The problem: Scan the entries below for the word "classFrame". Copy out every line in which it occurs.

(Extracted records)
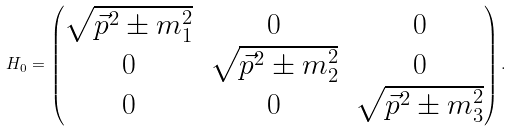Convert formula to latex. <formula><loc_0><loc_0><loc_500><loc_500>H _ { 0 } = \begin{pmatrix} \sqrt { \vec { p } ^ { 2 } \pm m _ { 1 } ^ { 2 } } & 0 & 0 \\ 0 & \sqrt { \vec { p } ^ { 2 } \pm m _ { 2 } ^ { 2 } } & 0 \\ 0 & 0 & \sqrt { \vec { p } ^ { 2 } \pm m _ { 3 } ^ { 2 } } \end{pmatrix} .</formula> 
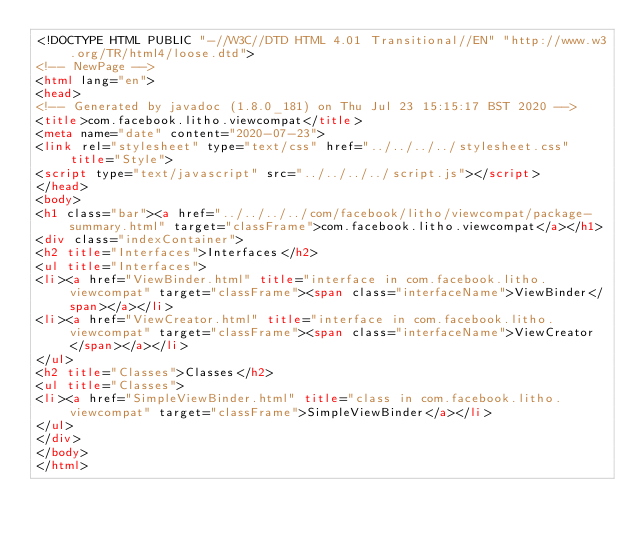<code> <loc_0><loc_0><loc_500><loc_500><_HTML_><!DOCTYPE HTML PUBLIC "-//W3C//DTD HTML 4.01 Transitional//EN" "http://www.w3.org/TR/html4/loose.dtd">
<!-- NewPage -->
<html lang="en">
<head>
<!-- Generated by javadoc (1.8.0_181) on Thu Jul 23 15:15:17 BST 2020 -->
<title>com.facebook.litho.viewcompat</title>
<meta name="date" content="2020-07-23">
<link rel="stylesheet" type="text/css" href="../../../../stylesheet.css" title="Style">
<script type="text/javascript" src="../../../../script.js"></script>
</head>
<body>
<h1 class="bar"><a href="../../../../com/facebook/litho/viewcompat/package-summary.html" target="classFrame">com.facebook.litho.viewcompat</a></h1>
<div class="indexContainer">
<h2 title="Interfaces">Interfaces</h2>
<ul title="Interfaces">
<li><a href="ViewBinder.html" title="interface in com.facebook.litho.viewcompat" target="classFrame"><span class="interfaceName">ViewBinder</span></a></li>
<li><a href="ViewCreator.html" title="interface in com.facebook.litho.viewcompat" target="classFrame"><span class="interfaceName">ViewCreator</span></a></li>
</ul>
<h2 title="Classes">Classes</h2>
<ul title="Classes">
<li><a href="SimpleViewBinder.html" title="class in com.facebook.litho.viewcompat" target="classFrame">SimpleViewBinder</a></li>
</ul>
</div>
</body>
</html>
</code> 
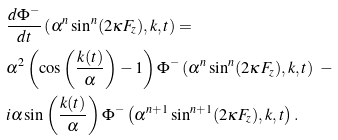<formula> <loc_0><loc_0><loc_500><loc_500>& \frac { d \Phi ^ { - } } { d t } \left ( \alpha ^ { n } \sin ^ { n } ( 2 \kappa F _ { z } ) , k , t \right ) = \\ & \alpha ^ { 2 } \left ( \cos \left ( \frac { k ( t ) } { \alpha } \right ) - 1 \right ) \Phi ^ { - } \left ( \alpha ^ { n } \sin ^ { n } ( 2 \kappa F _ { z } ) , k , t \right ) \ - \\ & i \alpha \sin \left ( \frac { k ( t ) } { \alpha } \right ) \Phi ^ { - } \left ( \alpha ^ { n + 1 } \sin ^ { n + 1 } ( 2 \kappa F _ { z } ) , k , t \right ) .</formula> 
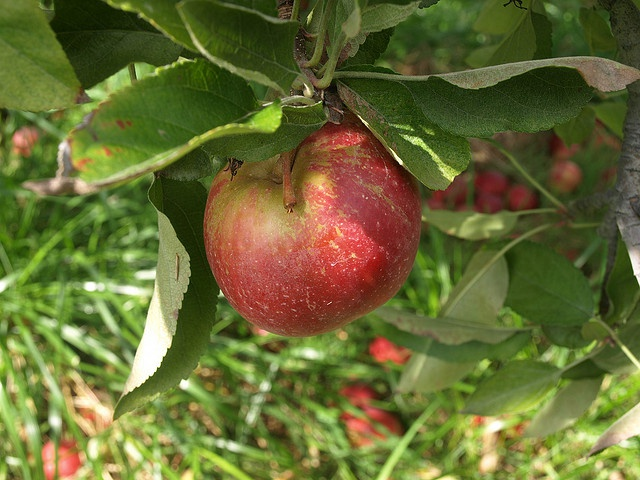Describe the objects in this image and their specific colors. I can see apple in olive, maroon, and brown tones, apple in olive, brown, and maroon tones, apple in olive, salmon, and brown tones, apple in olive, tan, and lightyellow tones, and apple in olive, maroon, and brown tones in this image. 
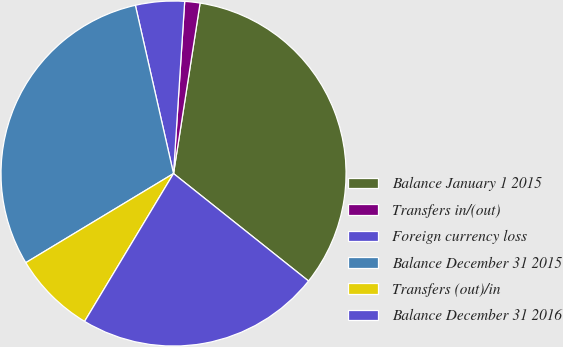Convert chart to OTSL. <chart><loc_0><loc_0><loc_500><loc_500><pie_chart><fcel>Balance January 1 2015<fcel>Transfers in/(out)<fcel>Foreign currency loss<fcel>Balance December 31 2015<fcel>Transfers (out)/in<fcel>Balance December 31 2016<nl><fcel>33.24%<fcel>1.43%<fcel>4.58%<fcel>30.09%<fcel>7.74%<fcel>22.92%<nl></chart> 
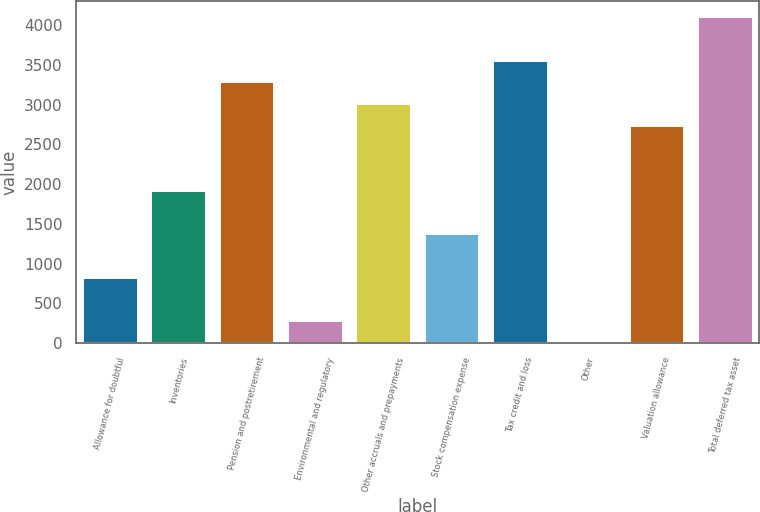<chart> <loc_0><loc_0><loc_500><loc_500><bar_chart><fcel>Allowance for doubtful<fcel>Inventories<fcel>Pension and postretirement<fcel>Environmental and regulatory<fcel>Other accruals and prepayments<fcel>Stock compensation expense<fcel>Tax credit and loss<fcel>Other<fcel>Valuation allowance<fcel>Total deferred tax asset<nl><fcel>822.13<fcel>1914.57<fcel>3280.12<fcel>275.91<fcel>3007.01<fcel>1368.35<fcel>3553.23<fcel>2.8<fcel>2733.9<fcel>4099.45<nl></chart> 
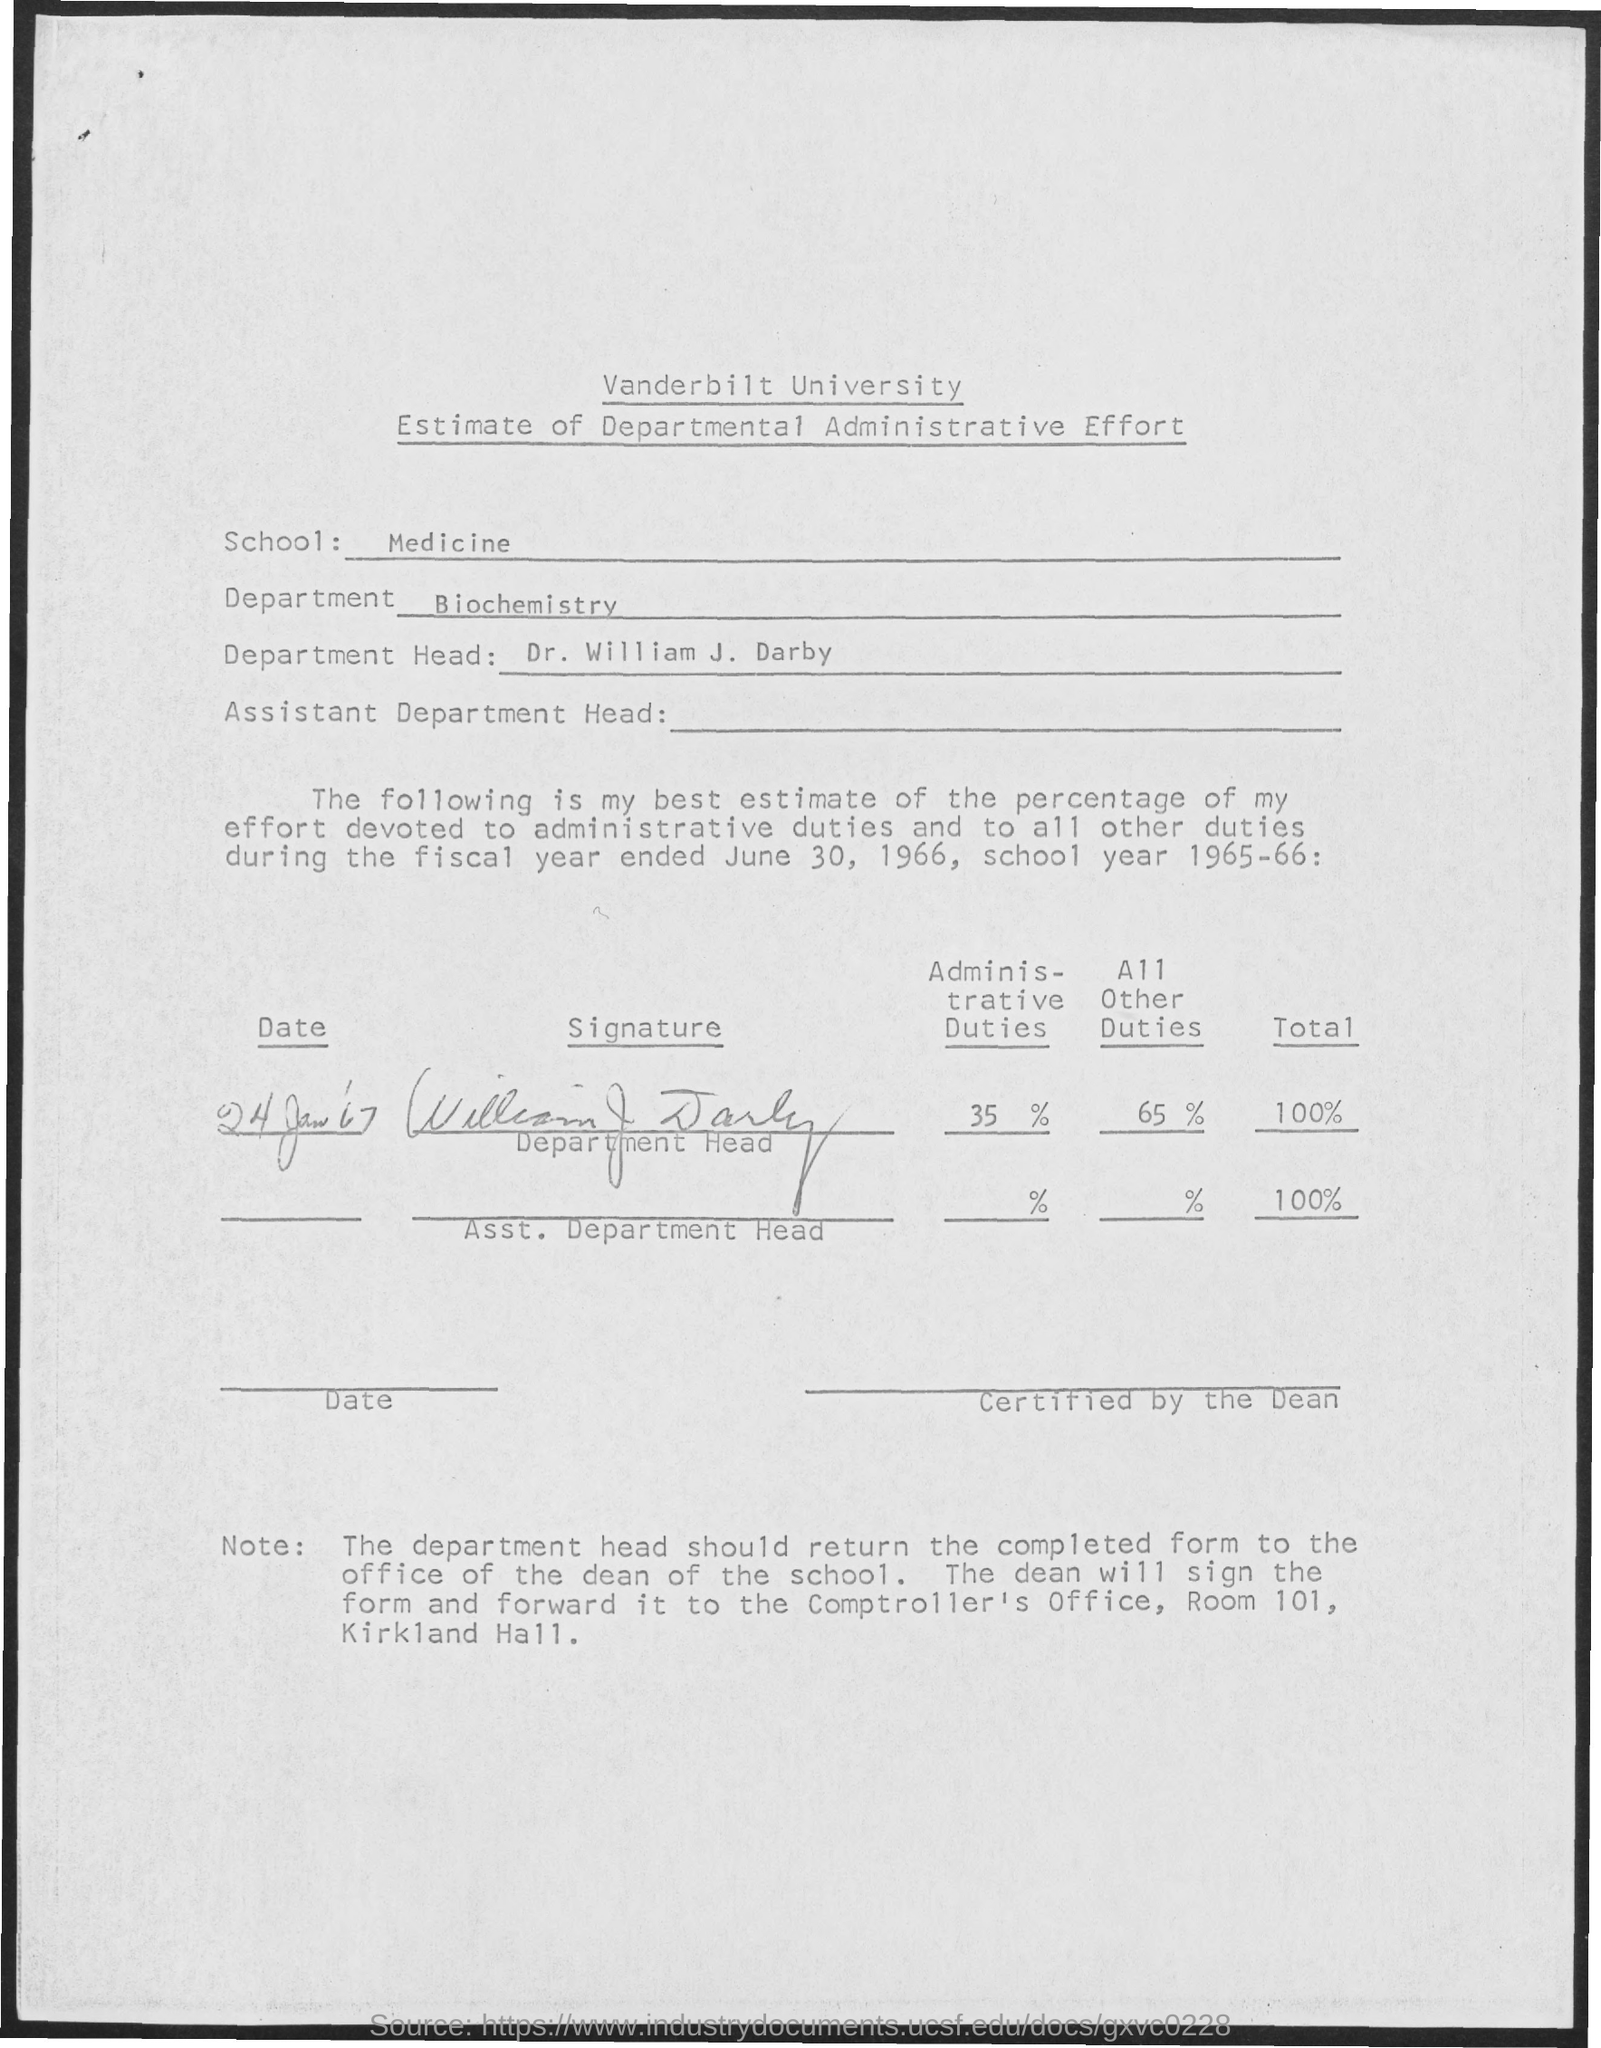Who is the head of the University Department?
Offer a very short reply. Dr. William J. Darby. What is the name of the Department?
Provide a short and direct response. Biochemistry. 
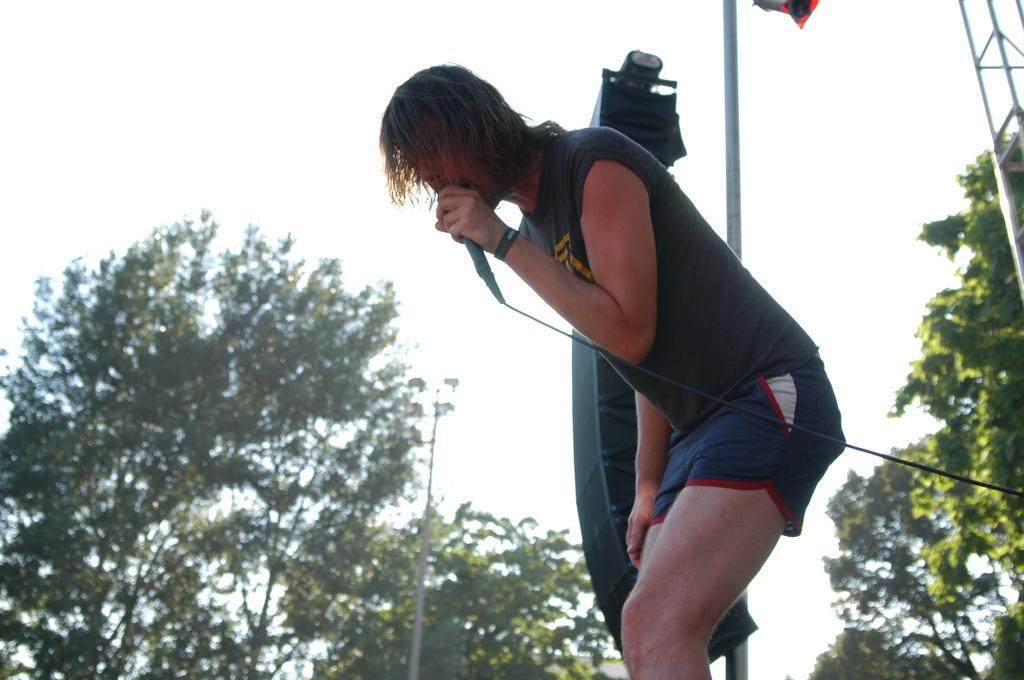Please provide a concise description of this image. In this image I can see a person ,holding a mike ,wearing a black color t-shirt at the top i can see the sky and trees and pole 
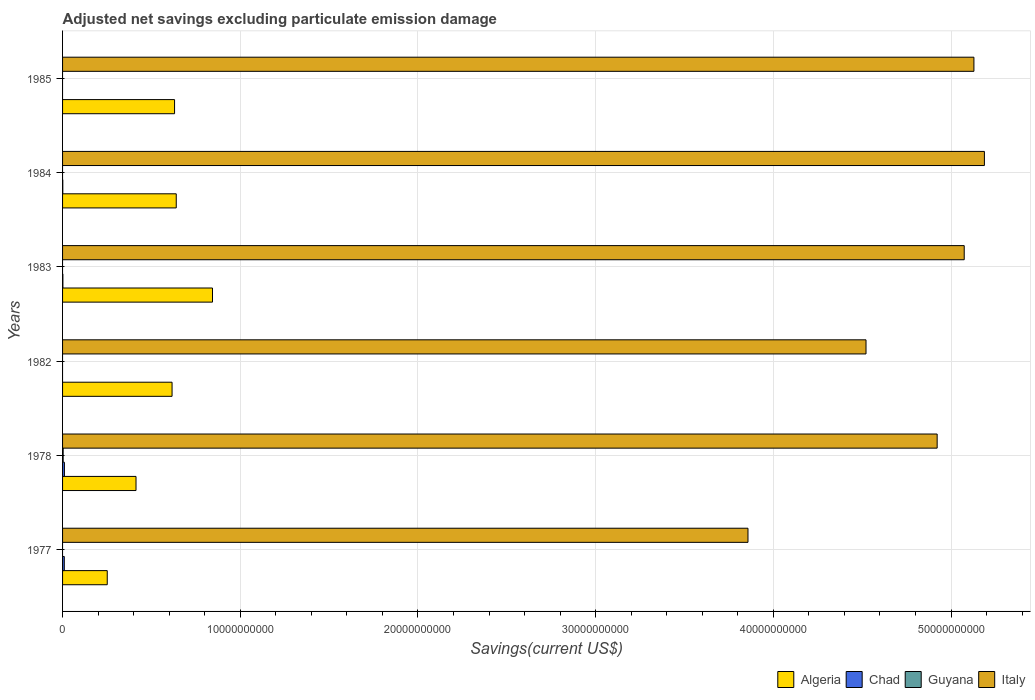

Problem solution:
<h1 class="bar"><a href="../../../../com/facebook/litho/viewcompat/package-summary.html" target="classFrame">com.facebook.litho.viewcompat</a></h1>
<li><a href="ViewBinder.html" title="interface in com.facebook.litho.viewcompat" target="classFrame"><span class="interfaceName">ViewBinder</span></a></li>
<li><a href="ViewCreator.html" title="interface in com.facebook.litho.viewcompat" target="classFrame"><span class="interfaceName">ViewCreator</span></a></li>
<li><a href="SimpleViewBinder.html" title="class in com.facebook.litho.viewcompat" target="classFrame">SimpleViewBinder</a></li>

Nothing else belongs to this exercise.